De mon expérience, trouver ce qui peut aider à mieux vivre avec les symptômes du SCI est spécifique à chaque personne et leurs besoins. J’ai lu beaucoup d’articles qui prêchent beaucoup la méditation et l’hypnose. Personnellement, j’ai essayé les deux pendant une période de temps relativement importante sans amélioration. D’autres personnes préfèrent utiliser la médication ou les probiotiques. Pour moi, les médicaments n’étaient pas mon choix préféré, car j’ai tendance à souvent avoir des effets secondaires avec ces derniers. Aussi, je n’aime pas l’idée d’être dépendant d’une pilule pour aller mieux et, dans ce cas, j’ai le choix de ne pas l’être (laissons ça pour les problèmes qui en exigent). Les probiotiques semblent ne faire absolument rien pour moi.

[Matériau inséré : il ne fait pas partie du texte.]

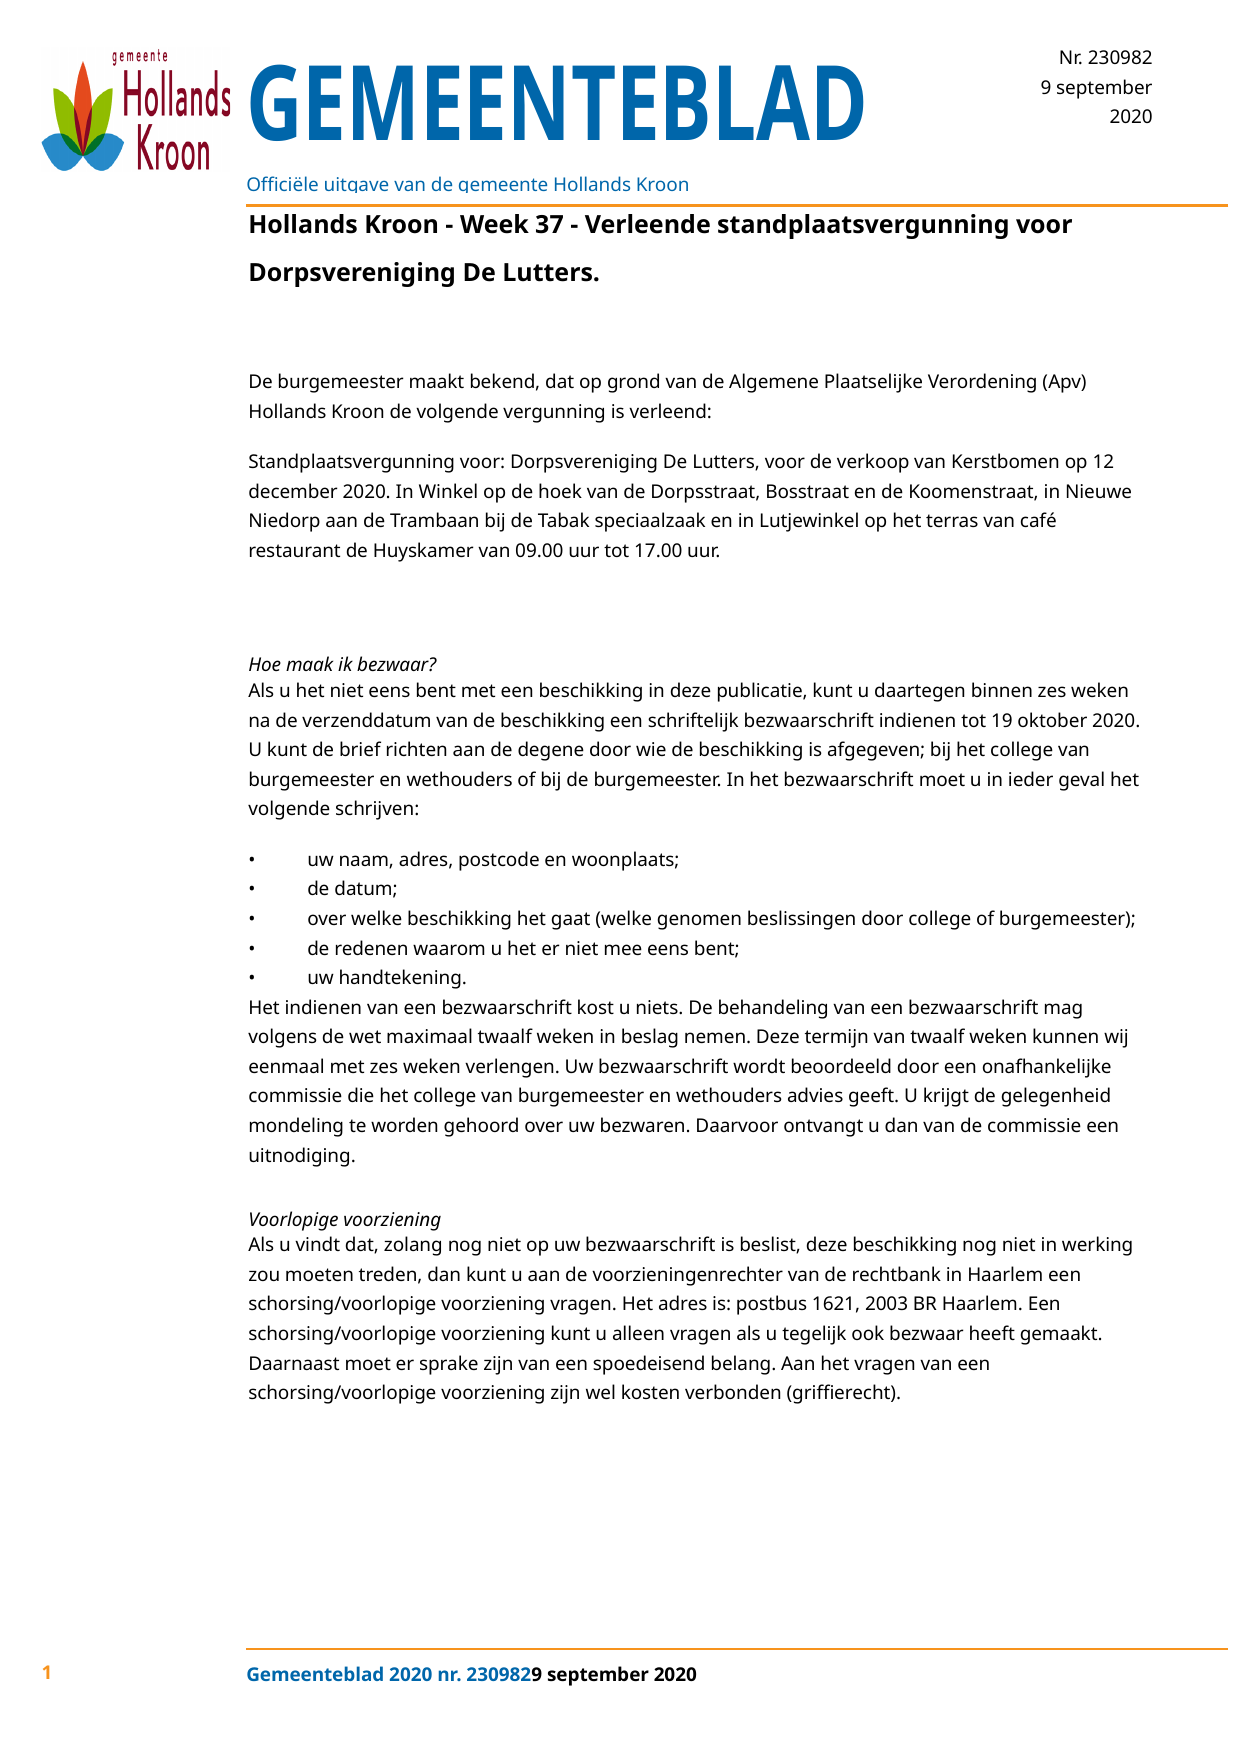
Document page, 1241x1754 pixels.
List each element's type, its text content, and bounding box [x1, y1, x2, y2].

list uw naam, adres, postcode en woonplaats; [248, 846, 1152, 872]
text Als u vindt dat, zolang nog niet op uw bezwaarschrift is beslist, deze beschikking nog niet in werking zou moeten treden, dan kunt u aan de voorzieningenrechter van de rechtbank in Haarlem een schorsing/voorlopige voorziening vragen. Het adres is: postbus 1621, 2003 BR Haarlem. Een schorsing/voorlopige voorziening kunt u alleen vragen als u tegelijk ook bezwaar heeft gemaakt. Daarnaast moet er sprake zijn van een spoedeisend belang. Aan het vragen van een schorsing/voorlopige voorziening zijn wel kosten verbonden (griffierecht). [248, 1231, 1152, 1405]
text Standplaatsvergunning voor: Dorpsvereniging De Lutters, voor de verkoop van Kerstbomen op 12 december 2020. In Winkel op de hoek van de Dorpsstraat, Bosstraat en de Koomenstraat, in Nieuwe Niedorp aan de Trambaan bij de Tabak speciaalzaak en in Lutjewinkel op het terras van café restaurant de Huyskamer van 09.00 uur tot 17.00 uur. [248, 448, 1152, 563]
text Voorlopige voorziening [248, 1206, 1152, 1231]
text De burgemeester maakt bekend, dat op grond van de Algemene Plaatselijke Verordening (Apv) Hollands Kroon de volgende vergunning is verleend: [248, 368, 1152, 424]
text Het indienen van een bezwaarschrift kost u niets. De behandeling van een bezwaarschrift mag volgens de wet maximaal twaalf weken in beslag nemen. Deze termijn van twaalf weken kunnen wij eenmaal met zes weken verlengen. Uw bezwaarschrift wordt beoordeeld door een onafhankelijke commissie die het college van burgemeester en wethouders advies geeft. U krijgt de gelegenheid mondeling te worden gehoord over uw bezwaren. Daarvoor ontvangt u dan van de commissie een uitnodiging. [248, 994, 1152, 1167]
list uw handtekening. [248, 964, 1152, 990]
text Hoe maak ik bezwaar? [248, 651, 1152, 677]
list de redenen waarom u het er niet mee eens bent; [248, 935, 1152, 960]
picture [41, 47, 231, 172]
list de datum; [248, 876, 1152, 901]
list over welke beschikking het gaat (welke genomen beslissingen door college of burgemeester); [248, 905, 1152, 931]
text Hollands Kroon - Week 37 - Verleende standplaatsvergunning voor Dorpsvereniging De Lutters. [248, 207, 1152, 288]
text Als u het niet eens bent met een beschikking in deze publicatie, kunt u daartegen binnen zes weken na de verzenddatum van de beschikking een schriftelijk bezwaarschrift indienen tot 19 oktober 2020. U kunt de brief richten aan de degene door wie de beschikking is afgegeven; bij het college van burgemeester en wethouders of bij de burgemeester. In het bezwaarschrift moet u in ieder geval het volgende schrijven: [248, 677, 1152, 821]
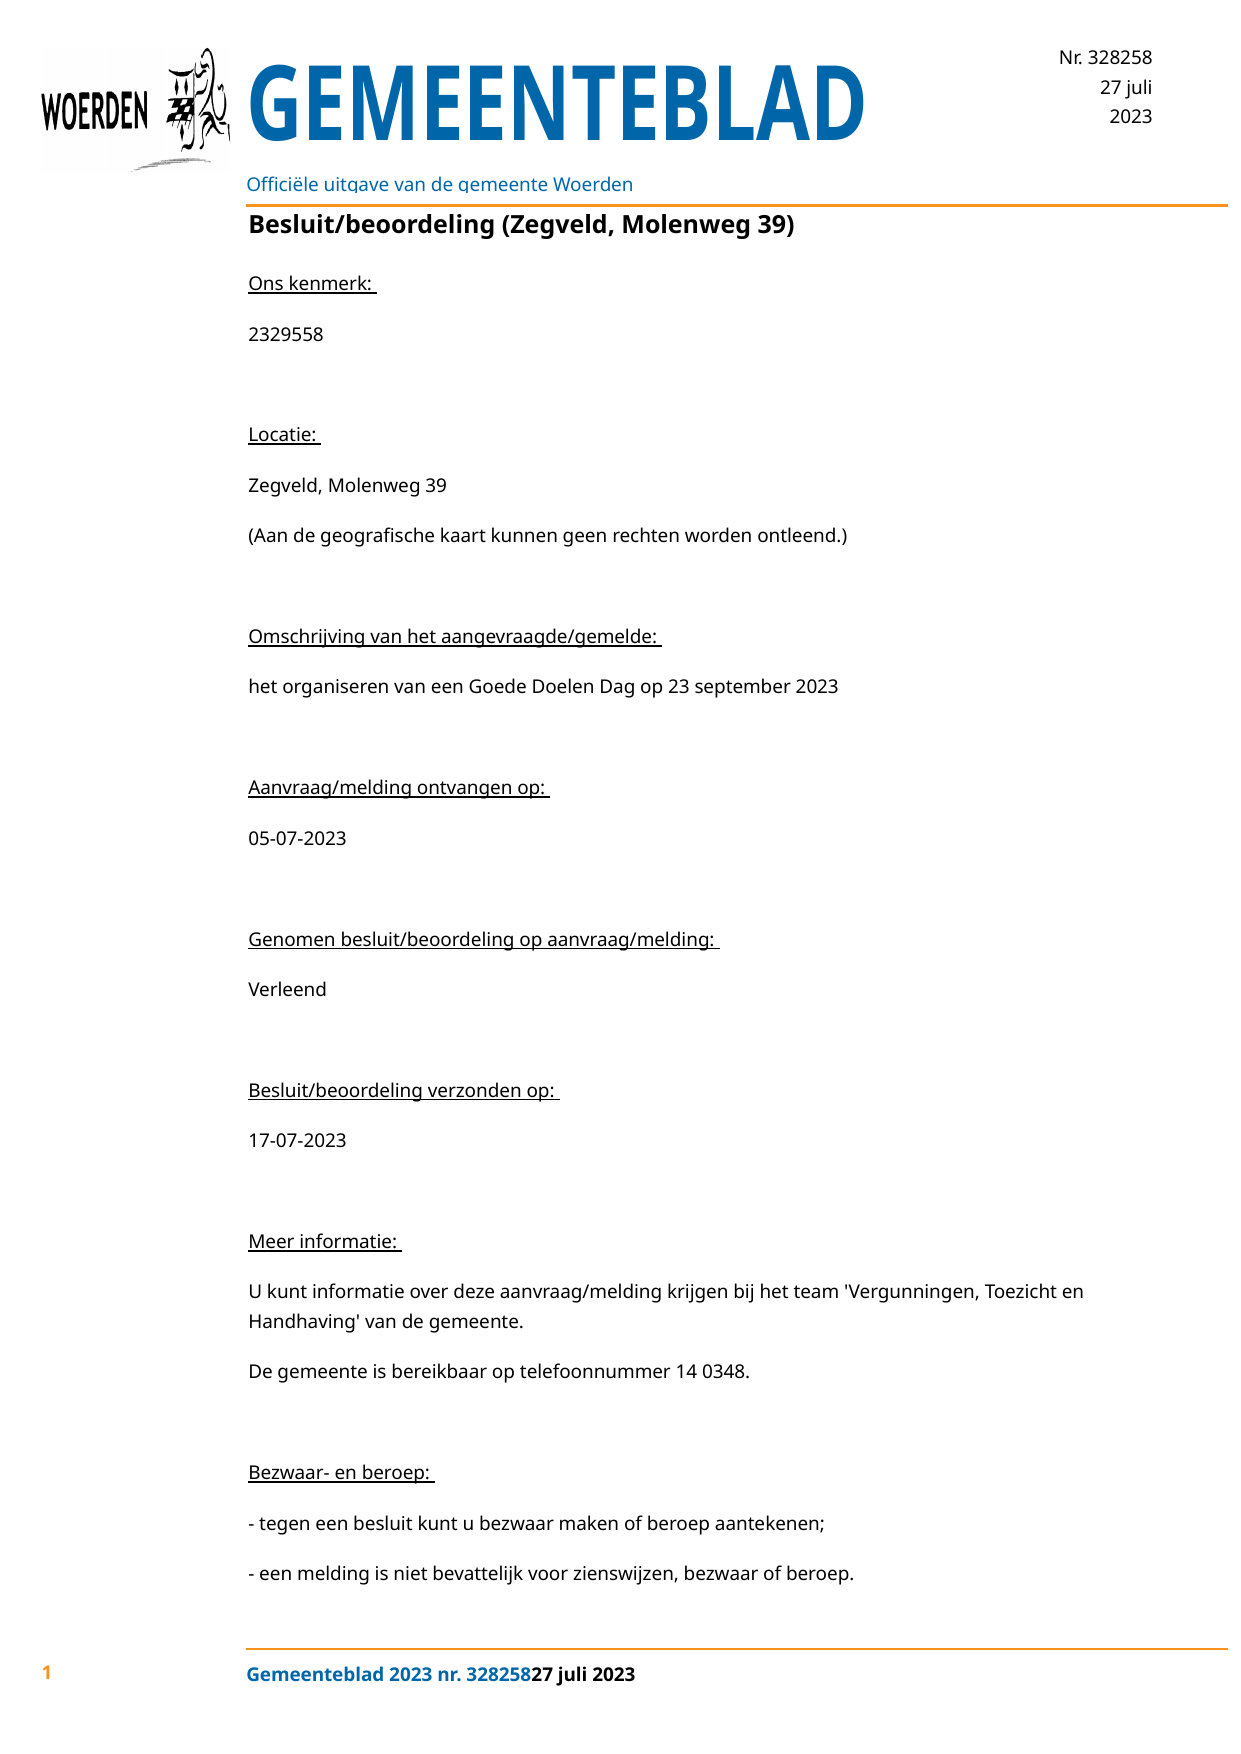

Je pense que l’important c’est de se sentir bien et de ne pas se créer de stress supplémentaire à cause de nos choix. J’ai eu la chance d’avoir un conjoint qui m’a aidé dans ma diète (c’est lui qui cuisine la plupart du temps) et de consulter une nutritionniste pour guider mes choix. Ce n’est pas toujours accessible pour tout le monde et je me sens privilégié d’avoir pu le faire.

( ! ) Dans mon dernier article sur le SCI, j’ai mis plein de liens intéressants pour des ressources à propos du SCI et de la diète faible en FODMAP.